State lawmakers are considering a bill that would force public school districts to share tax dollars used for construction and maintenance.

shiaasen@miamiherald.com

A legislative plan to give charter schools a cut of local school districts’ construction money would steer millions of additional dollars to large charter-school networks that are already sitting on tens of millions of dollars in cash, records show.

The charter-school industry is lobbying hard in the capital to gain a share of tax dollars raised by school districts to cover the construction and maintenance costs of traditional public schools — tax revenue that has dropped dramatically in recent years with plummeting real-estate values. Currently, school districts are not required to share these tax dollars with charter schools.

School districts say the proposal could cost them as much as $140 million a year statewide and cripple their ability to repair aging school buildings and pay debts for past construction.
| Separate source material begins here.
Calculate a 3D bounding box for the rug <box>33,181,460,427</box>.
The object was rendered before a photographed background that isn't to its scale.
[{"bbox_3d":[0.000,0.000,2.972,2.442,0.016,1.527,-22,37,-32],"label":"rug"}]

But charter school operators say the lesser funding for their students is inherently unfair, and argue that withholding construction money has stifled charter schools’ growth.
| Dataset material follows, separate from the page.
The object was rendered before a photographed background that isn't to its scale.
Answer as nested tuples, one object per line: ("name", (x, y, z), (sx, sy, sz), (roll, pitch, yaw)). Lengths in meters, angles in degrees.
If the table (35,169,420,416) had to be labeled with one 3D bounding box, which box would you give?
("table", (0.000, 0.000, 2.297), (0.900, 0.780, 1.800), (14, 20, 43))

Earlier this month, Doug Rodriguez, the principal of the Doral Academy Preparatory Middle/High charter school, told a Senate committee that the lack of construction money has “placed a cap on our school. We’re not able to expand.”

But many charter schools, including Rodriguez’s, routinely collect more tax dollars than they spend, and sock away the unspent cash. The Doral Academy charter-school network, comprised of five Miami-Dade schools, had net assets of $13.6 million last year, much of it cash, records show.

The Doral Academy network is one of four large South Florida charter-school chains run by Academica, the state’s largest charter school operator. These four school networks — the Doral, Mater, Somerset and Pinecrest academies — had combined assets of more than $83 million last year, records show. This money is held by nonprofit companies that own the schools, which are managed by Academica, a for-profit company based in South Miami.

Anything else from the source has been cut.